YOUR TASK
Pull every line holding the word "China" from the data below and copy it.

Dataset excerpts
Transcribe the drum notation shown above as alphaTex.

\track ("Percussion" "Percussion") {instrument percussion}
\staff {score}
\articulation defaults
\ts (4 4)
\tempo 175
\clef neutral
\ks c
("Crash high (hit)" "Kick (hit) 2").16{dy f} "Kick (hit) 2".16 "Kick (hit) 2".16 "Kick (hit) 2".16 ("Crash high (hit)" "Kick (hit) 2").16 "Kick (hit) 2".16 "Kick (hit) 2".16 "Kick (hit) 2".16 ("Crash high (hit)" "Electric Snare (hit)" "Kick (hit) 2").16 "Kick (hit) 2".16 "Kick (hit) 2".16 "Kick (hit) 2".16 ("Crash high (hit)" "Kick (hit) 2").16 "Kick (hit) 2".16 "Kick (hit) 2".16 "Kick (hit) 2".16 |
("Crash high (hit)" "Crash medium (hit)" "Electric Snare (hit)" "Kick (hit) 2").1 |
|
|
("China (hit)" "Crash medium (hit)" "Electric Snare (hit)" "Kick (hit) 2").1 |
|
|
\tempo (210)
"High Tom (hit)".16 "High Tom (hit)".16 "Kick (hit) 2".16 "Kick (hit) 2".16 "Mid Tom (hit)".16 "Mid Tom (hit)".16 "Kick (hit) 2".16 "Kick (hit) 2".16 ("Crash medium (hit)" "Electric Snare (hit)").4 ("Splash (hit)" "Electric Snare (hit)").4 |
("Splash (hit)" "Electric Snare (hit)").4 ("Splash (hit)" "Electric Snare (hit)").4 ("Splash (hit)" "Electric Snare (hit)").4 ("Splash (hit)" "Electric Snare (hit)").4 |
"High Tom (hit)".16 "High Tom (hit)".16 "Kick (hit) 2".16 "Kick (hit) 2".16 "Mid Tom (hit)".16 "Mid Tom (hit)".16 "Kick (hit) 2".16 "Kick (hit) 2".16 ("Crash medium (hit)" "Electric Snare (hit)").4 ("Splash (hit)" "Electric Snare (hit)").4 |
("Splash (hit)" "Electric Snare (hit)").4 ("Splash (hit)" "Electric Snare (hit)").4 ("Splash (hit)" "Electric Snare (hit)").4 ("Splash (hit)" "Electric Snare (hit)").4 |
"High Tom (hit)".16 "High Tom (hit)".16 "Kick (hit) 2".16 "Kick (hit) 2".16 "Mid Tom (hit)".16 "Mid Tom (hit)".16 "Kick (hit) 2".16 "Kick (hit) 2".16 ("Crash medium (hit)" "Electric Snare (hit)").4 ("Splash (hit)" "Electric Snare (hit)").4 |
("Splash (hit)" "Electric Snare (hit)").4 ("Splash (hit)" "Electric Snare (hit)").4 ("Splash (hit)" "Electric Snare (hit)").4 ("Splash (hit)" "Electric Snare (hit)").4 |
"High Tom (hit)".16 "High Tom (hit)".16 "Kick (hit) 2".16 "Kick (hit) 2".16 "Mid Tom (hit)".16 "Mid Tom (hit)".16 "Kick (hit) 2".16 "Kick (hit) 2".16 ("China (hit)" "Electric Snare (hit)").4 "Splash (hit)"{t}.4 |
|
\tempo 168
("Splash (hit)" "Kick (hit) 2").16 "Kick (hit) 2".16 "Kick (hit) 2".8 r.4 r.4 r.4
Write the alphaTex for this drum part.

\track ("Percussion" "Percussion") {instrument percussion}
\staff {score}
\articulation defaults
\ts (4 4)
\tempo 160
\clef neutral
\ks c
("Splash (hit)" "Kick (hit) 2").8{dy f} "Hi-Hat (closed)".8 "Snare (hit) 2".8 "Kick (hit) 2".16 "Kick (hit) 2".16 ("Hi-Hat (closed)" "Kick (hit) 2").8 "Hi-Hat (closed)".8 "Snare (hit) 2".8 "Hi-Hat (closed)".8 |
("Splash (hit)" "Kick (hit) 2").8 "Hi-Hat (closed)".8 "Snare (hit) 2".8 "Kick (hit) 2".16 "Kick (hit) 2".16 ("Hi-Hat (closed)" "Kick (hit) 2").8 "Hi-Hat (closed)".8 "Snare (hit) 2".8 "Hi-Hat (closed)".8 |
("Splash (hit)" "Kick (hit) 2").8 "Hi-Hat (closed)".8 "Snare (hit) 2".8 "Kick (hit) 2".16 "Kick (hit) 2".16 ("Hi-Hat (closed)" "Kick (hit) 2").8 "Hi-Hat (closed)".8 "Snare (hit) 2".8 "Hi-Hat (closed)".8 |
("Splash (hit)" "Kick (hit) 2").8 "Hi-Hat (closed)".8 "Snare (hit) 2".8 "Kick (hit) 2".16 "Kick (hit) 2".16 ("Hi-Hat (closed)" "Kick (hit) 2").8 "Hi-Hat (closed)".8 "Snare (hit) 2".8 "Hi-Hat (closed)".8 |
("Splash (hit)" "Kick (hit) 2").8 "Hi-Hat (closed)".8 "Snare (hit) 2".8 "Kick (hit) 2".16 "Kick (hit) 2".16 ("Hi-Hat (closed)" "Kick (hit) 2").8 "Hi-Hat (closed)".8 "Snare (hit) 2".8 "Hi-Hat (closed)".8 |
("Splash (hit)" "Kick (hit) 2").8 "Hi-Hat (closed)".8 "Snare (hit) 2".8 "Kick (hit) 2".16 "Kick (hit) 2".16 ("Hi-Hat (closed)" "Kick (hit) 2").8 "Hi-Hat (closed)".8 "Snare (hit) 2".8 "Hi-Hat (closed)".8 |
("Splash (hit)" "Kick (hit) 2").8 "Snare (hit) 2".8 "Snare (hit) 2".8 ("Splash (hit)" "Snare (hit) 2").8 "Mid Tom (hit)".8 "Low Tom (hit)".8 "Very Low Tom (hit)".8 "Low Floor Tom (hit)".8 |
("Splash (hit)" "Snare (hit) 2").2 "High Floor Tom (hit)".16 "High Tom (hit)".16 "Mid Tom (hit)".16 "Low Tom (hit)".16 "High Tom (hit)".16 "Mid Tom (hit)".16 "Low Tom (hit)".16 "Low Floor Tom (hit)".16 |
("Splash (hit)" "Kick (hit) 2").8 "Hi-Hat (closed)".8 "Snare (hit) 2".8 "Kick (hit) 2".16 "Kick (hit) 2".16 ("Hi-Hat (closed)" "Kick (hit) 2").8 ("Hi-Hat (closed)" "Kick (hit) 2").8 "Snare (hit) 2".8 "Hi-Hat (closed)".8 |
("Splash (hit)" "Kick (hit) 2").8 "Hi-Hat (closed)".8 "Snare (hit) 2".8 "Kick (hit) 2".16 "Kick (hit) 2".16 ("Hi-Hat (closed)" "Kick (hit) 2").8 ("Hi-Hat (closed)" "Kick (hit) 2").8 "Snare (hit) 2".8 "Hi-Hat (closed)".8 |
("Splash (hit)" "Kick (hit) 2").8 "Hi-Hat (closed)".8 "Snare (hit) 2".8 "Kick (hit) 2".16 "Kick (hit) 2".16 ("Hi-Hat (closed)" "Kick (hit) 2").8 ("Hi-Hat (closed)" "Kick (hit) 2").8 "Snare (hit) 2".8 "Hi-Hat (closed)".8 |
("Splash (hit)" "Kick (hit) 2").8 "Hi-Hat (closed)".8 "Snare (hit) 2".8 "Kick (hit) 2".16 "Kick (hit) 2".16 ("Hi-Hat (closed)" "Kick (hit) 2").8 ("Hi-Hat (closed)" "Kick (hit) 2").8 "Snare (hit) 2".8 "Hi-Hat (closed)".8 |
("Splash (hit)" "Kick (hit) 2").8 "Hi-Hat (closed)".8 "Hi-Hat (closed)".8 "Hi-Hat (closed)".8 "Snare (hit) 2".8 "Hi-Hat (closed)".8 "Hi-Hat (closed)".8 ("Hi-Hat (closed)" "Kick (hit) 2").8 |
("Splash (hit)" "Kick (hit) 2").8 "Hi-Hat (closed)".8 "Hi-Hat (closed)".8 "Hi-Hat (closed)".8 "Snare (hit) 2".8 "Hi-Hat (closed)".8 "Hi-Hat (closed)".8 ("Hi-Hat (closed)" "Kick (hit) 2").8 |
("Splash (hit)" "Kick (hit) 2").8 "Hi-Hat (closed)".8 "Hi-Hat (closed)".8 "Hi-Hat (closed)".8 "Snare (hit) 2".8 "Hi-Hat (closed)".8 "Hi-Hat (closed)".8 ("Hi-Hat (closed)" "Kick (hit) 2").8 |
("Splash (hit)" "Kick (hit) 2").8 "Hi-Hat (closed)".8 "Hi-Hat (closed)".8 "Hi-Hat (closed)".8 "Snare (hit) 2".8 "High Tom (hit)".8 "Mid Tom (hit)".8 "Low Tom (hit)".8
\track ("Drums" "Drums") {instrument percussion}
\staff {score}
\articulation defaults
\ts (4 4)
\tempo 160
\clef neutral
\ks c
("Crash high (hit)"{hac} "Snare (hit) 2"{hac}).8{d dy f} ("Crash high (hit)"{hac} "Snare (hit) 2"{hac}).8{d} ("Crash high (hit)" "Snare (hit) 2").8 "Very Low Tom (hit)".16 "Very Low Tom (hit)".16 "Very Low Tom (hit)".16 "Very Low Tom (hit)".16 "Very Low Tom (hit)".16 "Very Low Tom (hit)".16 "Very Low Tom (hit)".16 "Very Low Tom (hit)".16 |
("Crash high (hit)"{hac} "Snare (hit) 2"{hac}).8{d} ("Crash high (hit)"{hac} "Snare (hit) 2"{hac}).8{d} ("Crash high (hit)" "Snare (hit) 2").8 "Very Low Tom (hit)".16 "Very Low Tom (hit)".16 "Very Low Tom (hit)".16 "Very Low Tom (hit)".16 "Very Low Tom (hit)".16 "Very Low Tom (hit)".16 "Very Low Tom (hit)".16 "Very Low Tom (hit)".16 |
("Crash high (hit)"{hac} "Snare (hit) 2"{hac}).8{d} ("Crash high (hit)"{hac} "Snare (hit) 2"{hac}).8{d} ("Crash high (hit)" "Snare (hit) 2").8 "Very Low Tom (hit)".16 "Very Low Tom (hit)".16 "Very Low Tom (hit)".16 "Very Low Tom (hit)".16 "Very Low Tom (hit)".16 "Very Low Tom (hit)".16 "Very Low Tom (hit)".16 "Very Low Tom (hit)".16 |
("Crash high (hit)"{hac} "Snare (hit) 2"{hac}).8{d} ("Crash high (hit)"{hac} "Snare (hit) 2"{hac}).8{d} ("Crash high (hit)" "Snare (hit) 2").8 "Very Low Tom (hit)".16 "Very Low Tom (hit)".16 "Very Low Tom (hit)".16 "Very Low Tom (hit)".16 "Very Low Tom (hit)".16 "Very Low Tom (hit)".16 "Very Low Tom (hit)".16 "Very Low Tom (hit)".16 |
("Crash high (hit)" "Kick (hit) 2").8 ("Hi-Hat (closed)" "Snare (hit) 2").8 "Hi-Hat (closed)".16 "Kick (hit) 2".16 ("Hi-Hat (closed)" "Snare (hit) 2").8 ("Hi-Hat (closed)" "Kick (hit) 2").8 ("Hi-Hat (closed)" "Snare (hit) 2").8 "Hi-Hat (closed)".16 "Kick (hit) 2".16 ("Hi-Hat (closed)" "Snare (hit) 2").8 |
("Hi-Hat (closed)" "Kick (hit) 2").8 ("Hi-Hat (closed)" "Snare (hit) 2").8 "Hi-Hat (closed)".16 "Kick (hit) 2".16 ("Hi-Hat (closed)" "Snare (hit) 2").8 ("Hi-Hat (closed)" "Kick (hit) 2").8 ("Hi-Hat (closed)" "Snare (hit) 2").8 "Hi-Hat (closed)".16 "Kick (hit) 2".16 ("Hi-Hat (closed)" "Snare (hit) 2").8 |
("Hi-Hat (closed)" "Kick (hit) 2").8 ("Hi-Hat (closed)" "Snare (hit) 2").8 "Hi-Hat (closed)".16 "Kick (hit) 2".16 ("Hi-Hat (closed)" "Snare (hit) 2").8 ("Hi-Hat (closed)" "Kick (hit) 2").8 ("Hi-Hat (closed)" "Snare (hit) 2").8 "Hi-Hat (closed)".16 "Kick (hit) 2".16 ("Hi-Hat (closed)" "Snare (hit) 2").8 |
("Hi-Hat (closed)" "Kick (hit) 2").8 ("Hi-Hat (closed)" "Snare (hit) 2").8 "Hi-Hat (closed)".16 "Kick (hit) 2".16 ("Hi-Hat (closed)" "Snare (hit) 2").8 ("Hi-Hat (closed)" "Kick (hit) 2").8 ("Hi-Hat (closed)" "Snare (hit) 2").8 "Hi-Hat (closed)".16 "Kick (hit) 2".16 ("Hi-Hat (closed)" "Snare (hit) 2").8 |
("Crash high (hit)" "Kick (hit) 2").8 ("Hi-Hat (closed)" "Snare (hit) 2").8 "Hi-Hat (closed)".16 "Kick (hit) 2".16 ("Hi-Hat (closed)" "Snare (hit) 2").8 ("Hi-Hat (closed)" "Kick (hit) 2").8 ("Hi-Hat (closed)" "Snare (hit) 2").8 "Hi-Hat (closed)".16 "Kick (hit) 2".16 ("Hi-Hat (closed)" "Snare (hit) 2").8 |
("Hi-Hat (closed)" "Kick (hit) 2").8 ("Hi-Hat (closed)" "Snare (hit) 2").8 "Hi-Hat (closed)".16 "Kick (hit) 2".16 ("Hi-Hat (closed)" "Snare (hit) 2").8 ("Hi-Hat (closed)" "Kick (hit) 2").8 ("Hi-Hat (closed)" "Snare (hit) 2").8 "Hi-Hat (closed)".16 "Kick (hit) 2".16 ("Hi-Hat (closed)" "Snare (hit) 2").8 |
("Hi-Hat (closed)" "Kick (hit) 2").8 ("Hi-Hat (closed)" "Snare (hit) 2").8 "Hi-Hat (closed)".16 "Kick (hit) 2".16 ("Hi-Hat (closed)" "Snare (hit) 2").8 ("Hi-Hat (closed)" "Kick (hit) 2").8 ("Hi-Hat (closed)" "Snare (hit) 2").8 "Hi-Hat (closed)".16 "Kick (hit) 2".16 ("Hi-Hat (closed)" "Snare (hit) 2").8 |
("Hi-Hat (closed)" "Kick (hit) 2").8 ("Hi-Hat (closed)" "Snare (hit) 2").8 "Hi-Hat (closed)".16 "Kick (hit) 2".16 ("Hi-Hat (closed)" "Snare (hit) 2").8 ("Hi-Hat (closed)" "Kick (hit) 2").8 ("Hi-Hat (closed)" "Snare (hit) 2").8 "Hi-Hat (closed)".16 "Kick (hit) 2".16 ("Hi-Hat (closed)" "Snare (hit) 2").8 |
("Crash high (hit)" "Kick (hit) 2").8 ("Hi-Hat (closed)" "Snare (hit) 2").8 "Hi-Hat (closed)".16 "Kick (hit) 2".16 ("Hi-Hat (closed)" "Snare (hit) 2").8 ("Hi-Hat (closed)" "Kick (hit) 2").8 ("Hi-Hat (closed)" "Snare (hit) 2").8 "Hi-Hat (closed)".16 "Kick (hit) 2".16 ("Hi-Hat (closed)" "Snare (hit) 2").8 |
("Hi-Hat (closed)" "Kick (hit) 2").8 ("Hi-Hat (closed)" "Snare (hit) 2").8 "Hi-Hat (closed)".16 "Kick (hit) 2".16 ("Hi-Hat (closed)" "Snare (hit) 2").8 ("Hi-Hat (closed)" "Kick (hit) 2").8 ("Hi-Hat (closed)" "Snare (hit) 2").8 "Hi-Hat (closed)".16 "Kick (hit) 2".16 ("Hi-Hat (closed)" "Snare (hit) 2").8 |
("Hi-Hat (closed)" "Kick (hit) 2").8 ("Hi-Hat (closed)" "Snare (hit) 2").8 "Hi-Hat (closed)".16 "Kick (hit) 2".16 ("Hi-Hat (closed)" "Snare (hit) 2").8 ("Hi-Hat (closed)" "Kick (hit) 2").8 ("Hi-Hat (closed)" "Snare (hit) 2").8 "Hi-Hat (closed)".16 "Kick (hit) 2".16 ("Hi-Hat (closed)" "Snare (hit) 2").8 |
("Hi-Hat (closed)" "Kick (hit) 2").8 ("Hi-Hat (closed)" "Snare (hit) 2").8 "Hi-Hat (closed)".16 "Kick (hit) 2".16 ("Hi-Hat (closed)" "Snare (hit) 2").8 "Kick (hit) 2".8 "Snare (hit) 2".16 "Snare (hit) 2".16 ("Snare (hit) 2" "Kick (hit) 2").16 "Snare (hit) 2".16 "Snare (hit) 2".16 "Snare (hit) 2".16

EXPECTED OUTPUT
("China (hit)" "Crash medium (hit)" "Electric Snare (hit)" "Kick (hit) 2").1 |
"High Tom (hit)".16 "High Tom (hit)".16 "Kick (hit) 2".16 "Kick (hit) 2".16 "Mid Tom (hit)".16 "Mid Tom (hit)".16 "Kick (hit) 2".16 "Kick (hit) 2".16 ("China (hit)" "Electric Snare (hit)").4 "Splash (hit)"{t}.4 |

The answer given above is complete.